Peloton Competitor Pivot Raises $17M


SAN FRANCISCO, United States — Pivot, a smart at-home fitness concept launching later this year has raised $17 million to compete with the likes of Peloton, Mirror and Tonal.

The startup, which uses a combination of sensors and machine learning to count user reps and track form in real-time, will use the funds to expand recruitment across engineering and operations teams as the company prepares for its consumer launch this Autumn.

Led by Moawia Eldeeb, CEO and founder, Pivot provides a smart at-home fitness platform that offers live training or recorded classes from some of the world’s top group fitness trainers streamed directly to the Pivot device at home. Its class offerings include strength training, high-intensity interval training, cardio and more. 

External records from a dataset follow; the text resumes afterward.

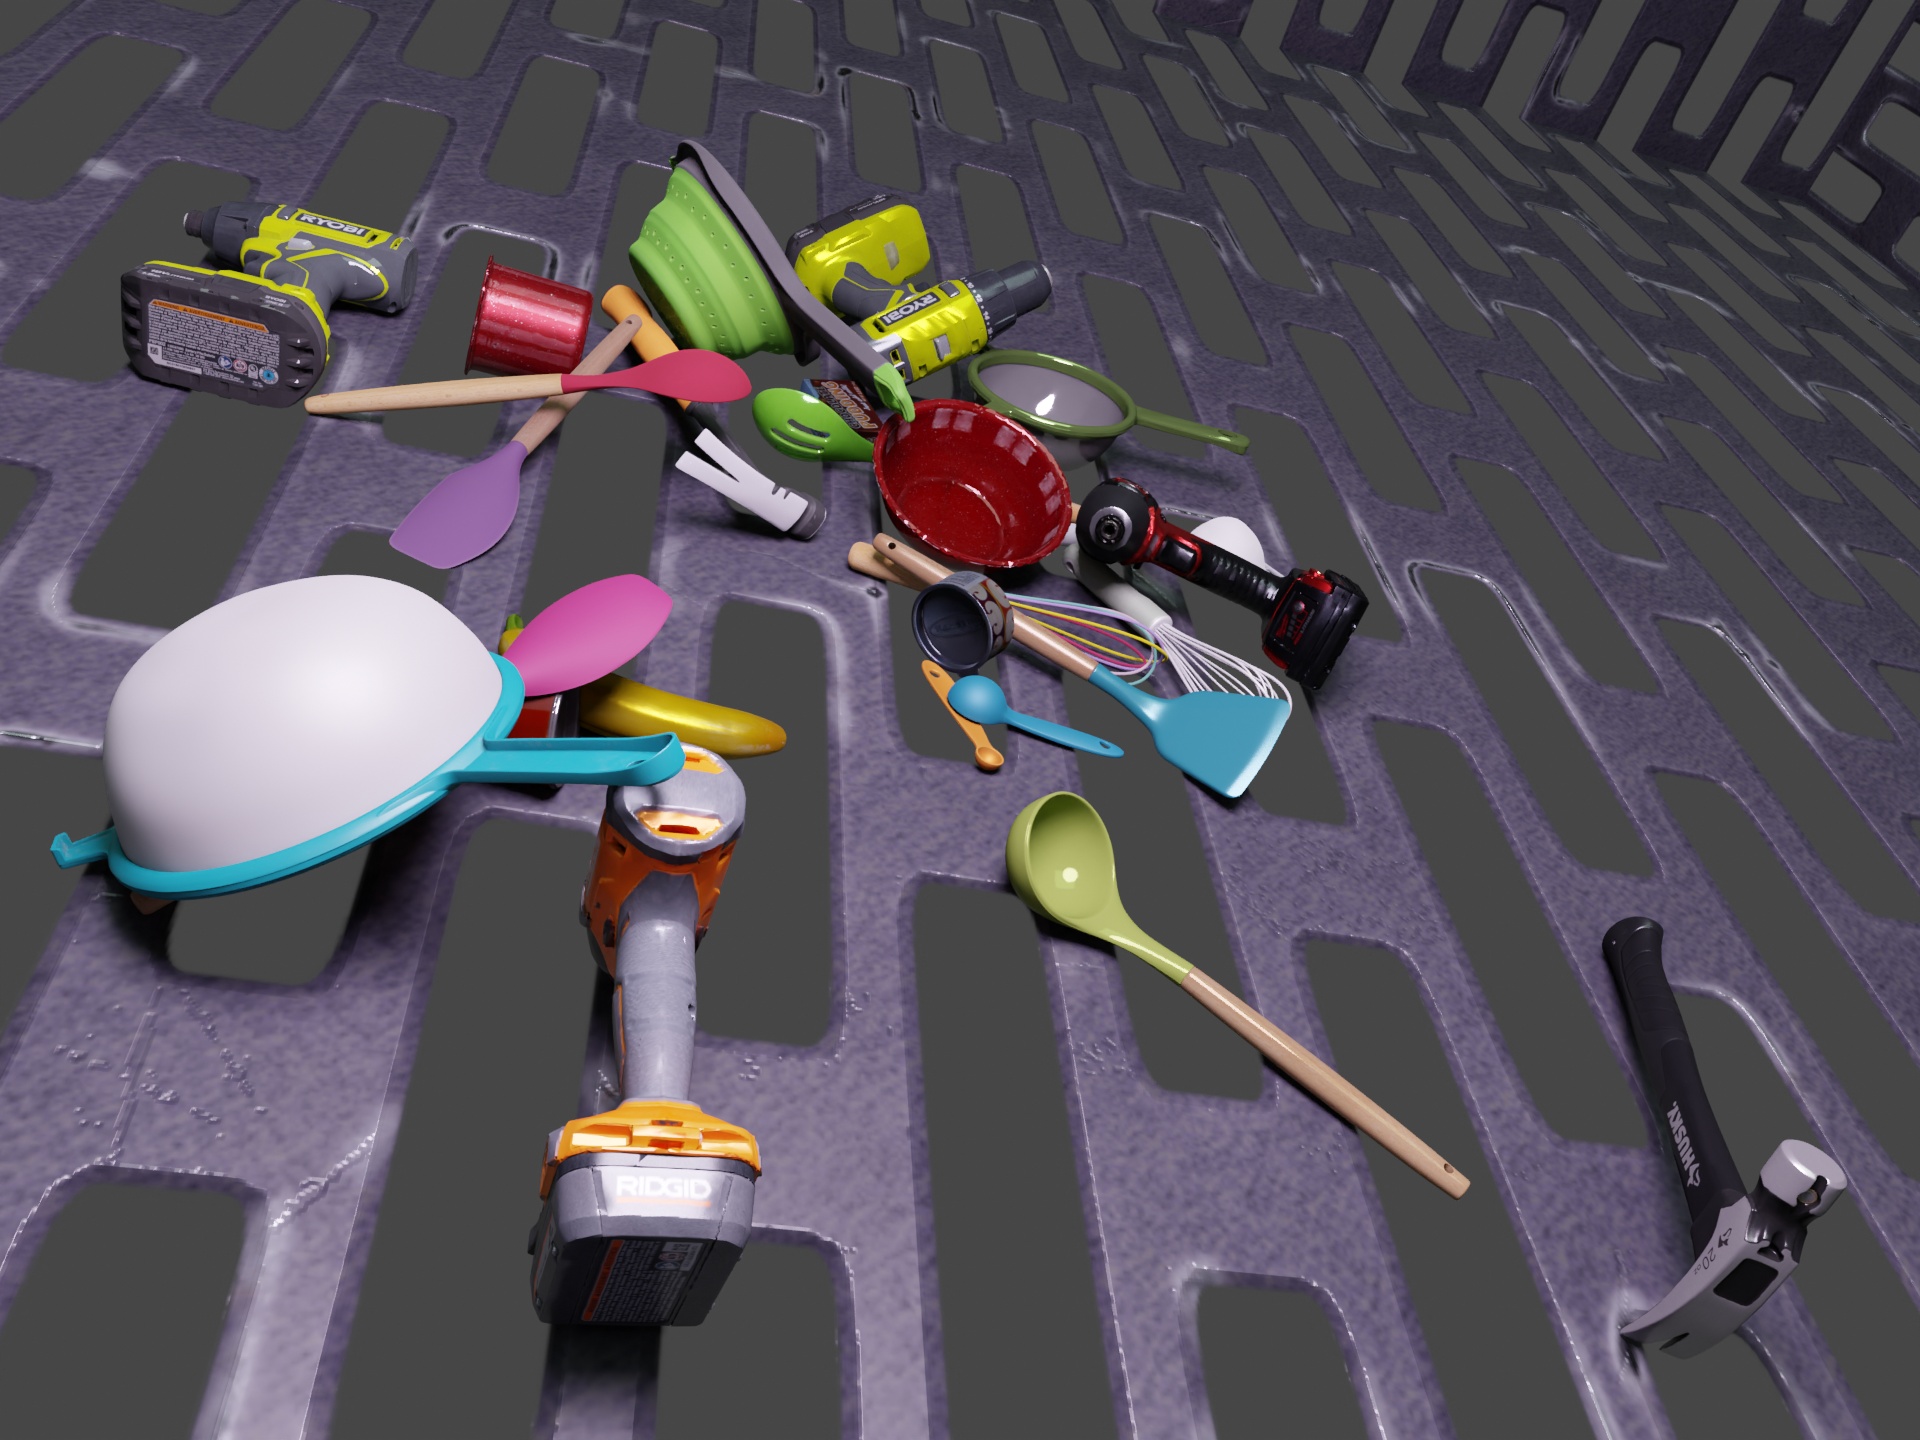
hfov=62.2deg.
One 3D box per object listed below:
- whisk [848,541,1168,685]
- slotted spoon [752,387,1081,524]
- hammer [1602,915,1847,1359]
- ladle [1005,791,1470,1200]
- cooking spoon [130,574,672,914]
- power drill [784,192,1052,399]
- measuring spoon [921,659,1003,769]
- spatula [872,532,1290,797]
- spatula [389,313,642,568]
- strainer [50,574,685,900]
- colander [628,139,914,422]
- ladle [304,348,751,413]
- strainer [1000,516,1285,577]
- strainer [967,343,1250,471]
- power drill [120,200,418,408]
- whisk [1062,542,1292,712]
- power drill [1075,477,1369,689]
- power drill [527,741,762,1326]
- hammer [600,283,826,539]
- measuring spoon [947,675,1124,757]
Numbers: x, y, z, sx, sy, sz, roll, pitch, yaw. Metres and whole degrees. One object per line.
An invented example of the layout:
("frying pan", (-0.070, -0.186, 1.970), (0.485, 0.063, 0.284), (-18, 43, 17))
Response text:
("whisk", (0.034, -0.081, 1.163), (0.245, 0.051, 0.047), (19, 15, 6))
("slotted spoon", (-0.017, -0.200, 1.279), (0.313, 0.070, 0.031), (14, 56, -16))
("hammer", (0.408, 0.212, 0.912), (0.035, 0.146, 0.335), (23, 25, 3))
("ladle", (0.154, 0.154, 0.900), (0.320, 0.062, 0.078), (37, 42, 18))
("cooking spoon", (-0.285, 0.005, 0.842), (0.069, 0.017, 0.319), (34, 56, 28))
("power drill", (-0.044, -0.385, 1.414), (0.190, 0.080, 0.229), (-28, 45, -10))
("measuring spoon", (-0.002, -0.003, 1.068), (0.021, 0.011, 0.117), (5, 35, -33))
("spatula", (0.073, -0.052, 1.115), (0.317, 0.044, 0.082), (31, 73, 8))
("spatula", (-0.303, -0.209, 1.144), (0.060, 0.018, 0.316), (24, 47, 0))
("strainer", (-0.275, -0.013, 0.742), (0.340, 0.095, 0.211), (0, 33, 32))
("colander", (-0.168, -0.321, 1.274), (0.094, 0.204, 0.398), (-35, 50, -8))
("ladle", (-0.308, -0.236, 1.131), (0.315, 0.031, 0.069), (-5, 34, 0))
("strainer", (0.156, -0.147, 1.299), (0.258, 0.050, 0.087), (3, 24, -17))
("strainer", (0.122, -0.248, 1.384), (0.256, 0.069, 0.152), (12, 34, -11))
("power drill", (-0.520, -0.322, 1.181), (0.171, 0.080, 0.223), (13, 33, -8))
("whisk", (0.154, -0.064, 1.187), (0.059, 0.057, 0.247), (-34, 52, -13))
("power drill", (0.187, -0.112, 1.191), (0.219, 0.078, 0.143), (28, 14, 3))
("power drill", (-0.141, 0.145, 0.711), (0.084, 0.164, 0.227), (8, 51, -16))
("hammer", (-0.219, -0.260, 1.243), (0.127, 0.034, 0.337), (28, 18, -46))
("measuring spoon", (0.054, -0.004, 1.075), (0.128, 0.021, 0.042), (19, 29, -9))

Instructors can view workout data in real-time and communicate feedback directly to class participants, whilst community and social features allow participants to compete with friends and other members. 

“In my own life, having someone who could teach me, inspire me, and hold me accountable made all the difference,” Eldeeb said in an official statement. 

“A workout video, even if it’s broadcast live, just doesn’t compare. That’s why Pivot is building technology to bridge the gap between the trainer and you, build that core relationship, and deliver the same hands-on guidance you’d expect from an in-person class,” he added.

According to Eldeeb, despite the brand entering the $30B market US fitness industry behind competitors including Mirror, Tonal and billion-dollar at-home spinning brand Peloton, it possesses a major advantage: proprietary data. 

The company recently revealed that its B2B gym product has already captured the largest dataset of humans working out in the world with over 1 million tagged workouts. This data, it says, will enable Pivot’s software and machine learning technology to be hyper-accurate in tracking and providing real-time feedback for workouts.

However, for Kyle Lui, Partner at venture capital firm DCM, which led Pivot’s raise, it’s the brand’s proprietary software and machine learning technology that records workouts and points out when users’ form is incorrect, that he believes will ultimately boost its competitive edge.

Pivot’s technology combines world-class machine learning, software and hardware to create an at-home strength training & fitness experience comparable to what Peloton has achieved for the at-home spin experience,” he commented.

“Its product differentiation was clear to me the first time I tried it, and I’m incredibly excited for the company’s upcoming launch,” he added.

When Pivot eventually launches, the user will have to fork out an initial payment of $2,000 for its equipment, including a heart rate monitor and weights, with a monthly service fee of around $39 hiking the price up further. But that’s not something Eldeeb believes will cause too much of a barrier to entry.

The entrepreneur recently told Business Insider that although he had some initial reservations about marketing a high-tech fitness device to consumers, the success of Peloton’s $1,995 bike demonstrated strong consumer demand despite a high price-tag.